The thought experiment was originally proposed by Frank Jackson as follows [in 1982]:

Mary is a brilliant scientist who is, for whatever reason, forced to investigate the world from a black and white room via a black and white television monitor. She specializes in the neurophysiology of vision and acquires, let us suppose, all the physical information there is to obtain about what goes on when we see ripe tomatoes, or the sky, and use terms like ‘red’, ‘blue’, and so on. She discovers, for example, just which wavelength combinations from the sky stimulate the retina, and exactly how this produces via the central nervous system the contraction of the vocal cords and expulsion of air from the lungs that results in the uttering of the sentence ‘The sky is blue’. […] What will happen when Mary is released from her black and white room or is given a color television monitor? Will she learn anything or not? [4]

If she learns something new, then, supposedly, immaterial qualia exists.

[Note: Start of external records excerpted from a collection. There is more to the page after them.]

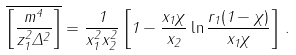<formula> <loc_0><loc_0><loc_500><loc_500>\overline { \left [ \frac { m ^ { 4 } } { z _ { 1 } ^ { 2 } \Delta ^ { 2 } } \right ] } = \frac { 1 } { x _ { 1 } ^ { 2 } x _ { 2 } ^ { 2 } } \left [ 1 - \frac { x _ { 1 } \chi } { x _ { 2 } } \ln \frac { r _ { 1 } ( 1 - \chi ) } { x _ { 1 } \chi } \right ] \, .</formula> 
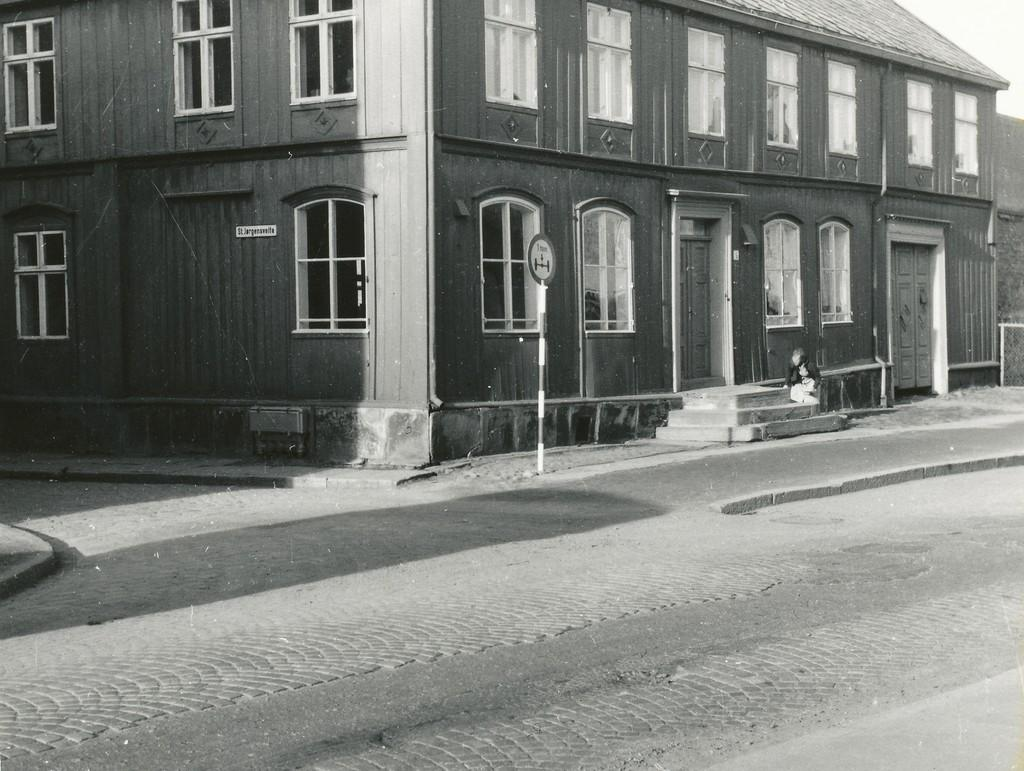What type of structure is in the picture? There is a building in the picture. What features can be seen on the building? The building has windows and doors. Are there any architectural elements visible in the picture? Yes, there are stairs in the picture. What else can be seen in the image besides the building? There is a road in the picture. What is the condition of the sky in the image? The sky is clear in the image. Can you tell me how many fans are visible in the image? There are no fans present in the image. Is there a crate being used as a makeshift table in the image? There is no crate present in the image. 
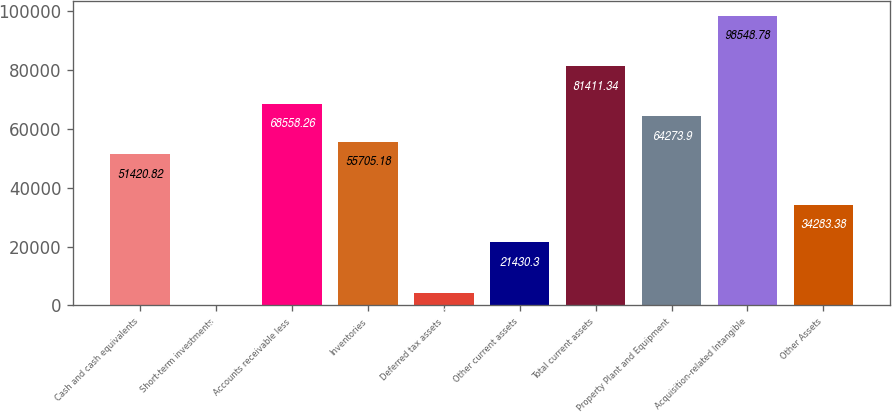<chart> <loc_0><loc_0><loc_500><loc_500><bar_chart><fcel>Cash and cash equivalents<fcel>Short-term investments<fcel>Accounts receivable less<fcel>Inventories<fcel>Deferred tax assets<fcel>Other current assets<fcel>Total current assets<fcel>Property Plant and Equipment<fcel>Acquisition-related Intangible<fcel>Other Assets<nl><fcel>51420.8<fcel>8.5<fcel>68558.3<fcel>55705.2<fcel>4292.86<fcel>21430.3<fcel>81411.3<fcel>64273.9<fcel>98548.8<fcel>34283.4<nl></chart> 
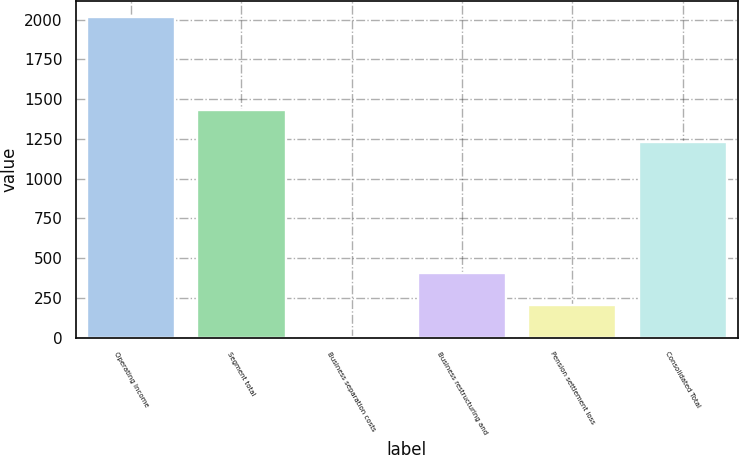<chart> <loc_0><loc_0><loc_500><loc_500><bar_chart><fcel>Operating Income<fcel>Segment total<fcel>Business separation costs<fcel>Business restructuring and<fcel>Pension settlement loss<fcel>Consolidated Total<nl><fcel>2015<fcel>1433.95<fcel>7.5<fcel>409<fcel>208.25<fcel>1233.2<nl></chart> 
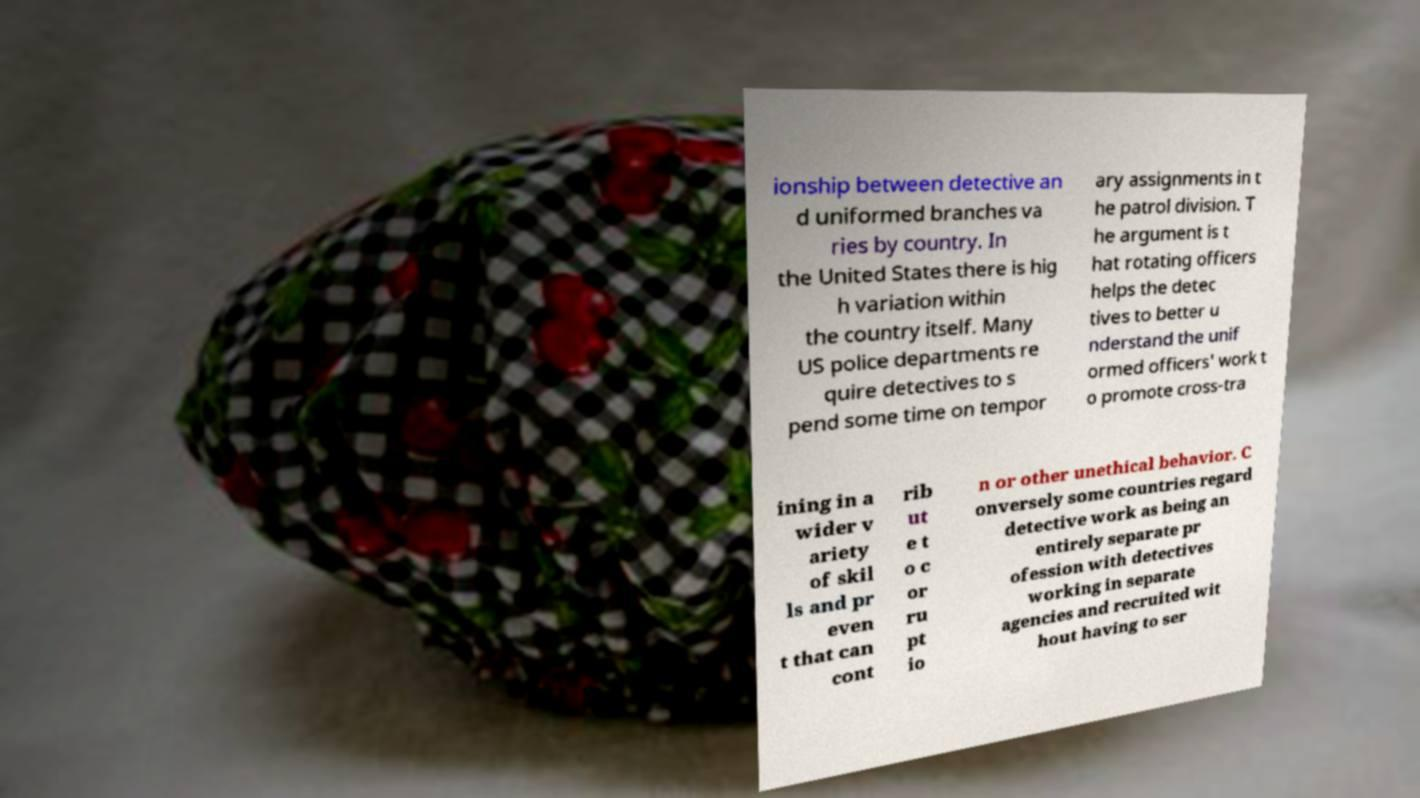Could you extract and type out the text from this image? ionship between detective an d uniformed branches va ries by country. In the United States there is hig h variation within the country itself. Many US police departments re quire detectives to s pend some time on tempor ary assignments in t he patrol division. T he argument is t hat rotating officers helps the detec tives to better u nderstand the unif ormed officers' work t o promote cross-tra ining in a wider v ariety of skil ls and pr even t that can cont rib ut e t o c or ru pt io n or other unethical behavior. C onversely some countries regard detective work as being an entirely separate pr ofession with detectives working in separate agencies and recruited wit hout having to ser

Check the arguments for and against on wikipedia, Mary’s Room.

Now, this is my materialist solution:

She has only received stimuli that affect neurochemistry telling her that the sound “blue”, how it is muscularly pronounced and all the other things she reads or hears about blueness belongs to 475 nm wavelength photons as reflected by objects. She has not received the photon itself so the neurochemistry will be completely novel and the experience therefore also novel. However, this doesn’t say anything about whether qualia is immaterial or not, it is stricly a material formulation of the dilemma. To me, qualia is knowledge, so it’s wrong to differentiate between the two and ask whether she knows about the qualia or not because the knowledge existing in the auditory neurochemistry is impossibly the same knowledge that exists in the visual neurochemistry, i.e. no matter how much you know about vision, that knowledge exists in neurons that are impossibly the same neurons as the neurons in the optic nerve. If the neurons in the optic nerve are never stimulated by the retina but used only in an auditory network, then they’re not really an optic nerve now are they. The quality of qualia relies on what the senses are capable of sensing because the mind IS the physical senses, so knowing/experiencing visual qualia of a blue car is an electrochemical activity behind the retina that is different from the visual qualia of reading a text about blue car visual qualia and different from the auditory qualia of being told what qualia is.

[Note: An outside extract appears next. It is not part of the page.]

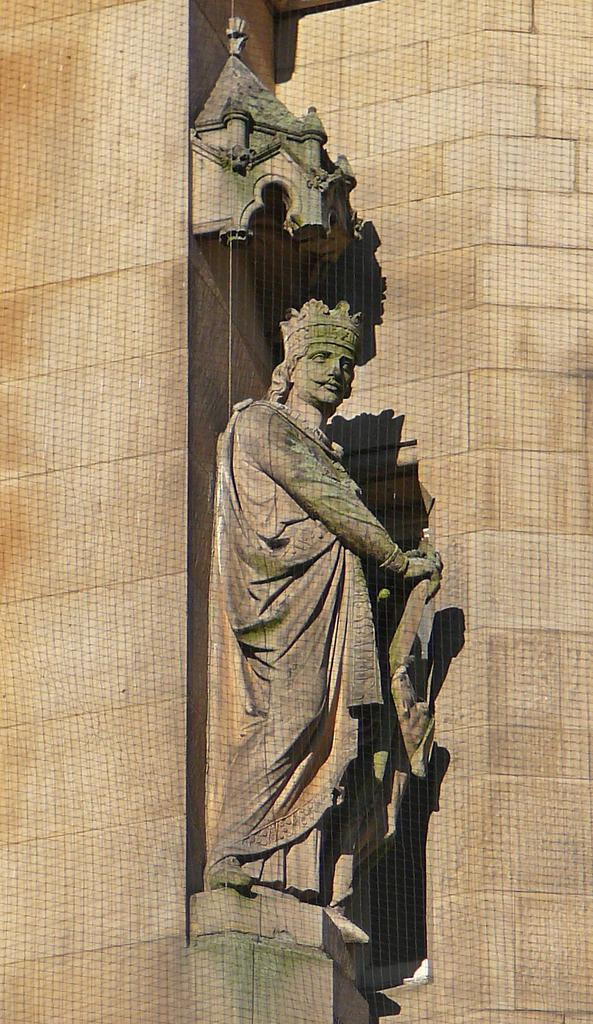What is the main subject of the image? There is a sculpture of a man in the image. What can be seen in the background of the image? There is a wall in the image. How many holes can be seen in the sculpture of the man in the image? There are no holes visible in the sculpture of the man in the image. What type of kitty is sitting on the wall in the image? There is no kitty present in the image; it only features a sculpture of a man and a wall.

It’s actually just a matter of spotting the error in the premise. Knowing everything about anything is impossible, but even if Mary knows terribly much through all kinds of experiences she doesn’t know the experience of photons on the retina, not only does she not know what it “feels like” but she has never had the physical experience and thus not the physical knowledge of the photon hitting the retina. So, even though her brain has learned the word blue and all other things that have entered her brain, she hasn’t learned the blue photon hitting the retina because it has not hit yet. This means the premise is false, she doesn’t know everything there is to know about colour.

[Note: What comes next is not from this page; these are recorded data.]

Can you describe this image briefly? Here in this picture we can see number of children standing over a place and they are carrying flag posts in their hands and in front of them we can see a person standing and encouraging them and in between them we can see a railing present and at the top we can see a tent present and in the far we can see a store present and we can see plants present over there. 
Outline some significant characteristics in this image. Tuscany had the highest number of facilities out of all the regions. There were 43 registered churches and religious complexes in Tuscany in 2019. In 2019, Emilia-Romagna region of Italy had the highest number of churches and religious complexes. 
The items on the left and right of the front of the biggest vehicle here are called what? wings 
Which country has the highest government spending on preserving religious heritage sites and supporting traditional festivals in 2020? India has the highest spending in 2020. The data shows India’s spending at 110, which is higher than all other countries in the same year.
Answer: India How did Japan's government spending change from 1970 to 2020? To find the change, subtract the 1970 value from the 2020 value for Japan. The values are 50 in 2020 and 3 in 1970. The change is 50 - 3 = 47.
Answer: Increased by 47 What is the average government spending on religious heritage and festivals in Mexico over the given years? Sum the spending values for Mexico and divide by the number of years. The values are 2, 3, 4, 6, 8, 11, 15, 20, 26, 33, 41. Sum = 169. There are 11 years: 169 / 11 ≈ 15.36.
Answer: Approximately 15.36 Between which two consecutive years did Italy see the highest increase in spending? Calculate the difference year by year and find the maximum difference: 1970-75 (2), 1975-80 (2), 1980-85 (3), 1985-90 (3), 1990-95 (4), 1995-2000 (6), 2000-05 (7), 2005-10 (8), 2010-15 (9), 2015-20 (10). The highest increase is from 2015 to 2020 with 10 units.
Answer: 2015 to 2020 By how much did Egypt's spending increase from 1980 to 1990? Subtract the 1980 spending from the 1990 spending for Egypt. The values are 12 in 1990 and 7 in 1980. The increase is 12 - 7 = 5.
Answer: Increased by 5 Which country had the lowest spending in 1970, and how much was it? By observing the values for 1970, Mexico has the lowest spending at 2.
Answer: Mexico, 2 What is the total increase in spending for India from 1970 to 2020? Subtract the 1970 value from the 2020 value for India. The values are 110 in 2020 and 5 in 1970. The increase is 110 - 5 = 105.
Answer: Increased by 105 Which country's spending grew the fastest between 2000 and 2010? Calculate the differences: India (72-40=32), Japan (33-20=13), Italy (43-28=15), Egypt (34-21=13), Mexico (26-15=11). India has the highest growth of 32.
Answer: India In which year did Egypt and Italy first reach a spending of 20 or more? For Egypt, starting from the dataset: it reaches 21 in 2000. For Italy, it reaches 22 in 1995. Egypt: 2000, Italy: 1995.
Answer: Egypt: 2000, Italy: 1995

An interesting side note is that learning is a physical process of growing relative connections in the brain through sensing outside stimuli and working with internal stimuli (like the neurology constituting a memory that fires and causes happiness). The older you get the less of the original structure remains and the original structure [see Chomsky on language] is designed to make sense of colour stimuli so given enough time a monochrome or blind person can’t neurologically adapt to and make sense of colour stimuli. We see the same deterioration of ability to decipher auditory stimuli in grown-ups with cochlia implants. It might be too late for Mary to see colors well or at all.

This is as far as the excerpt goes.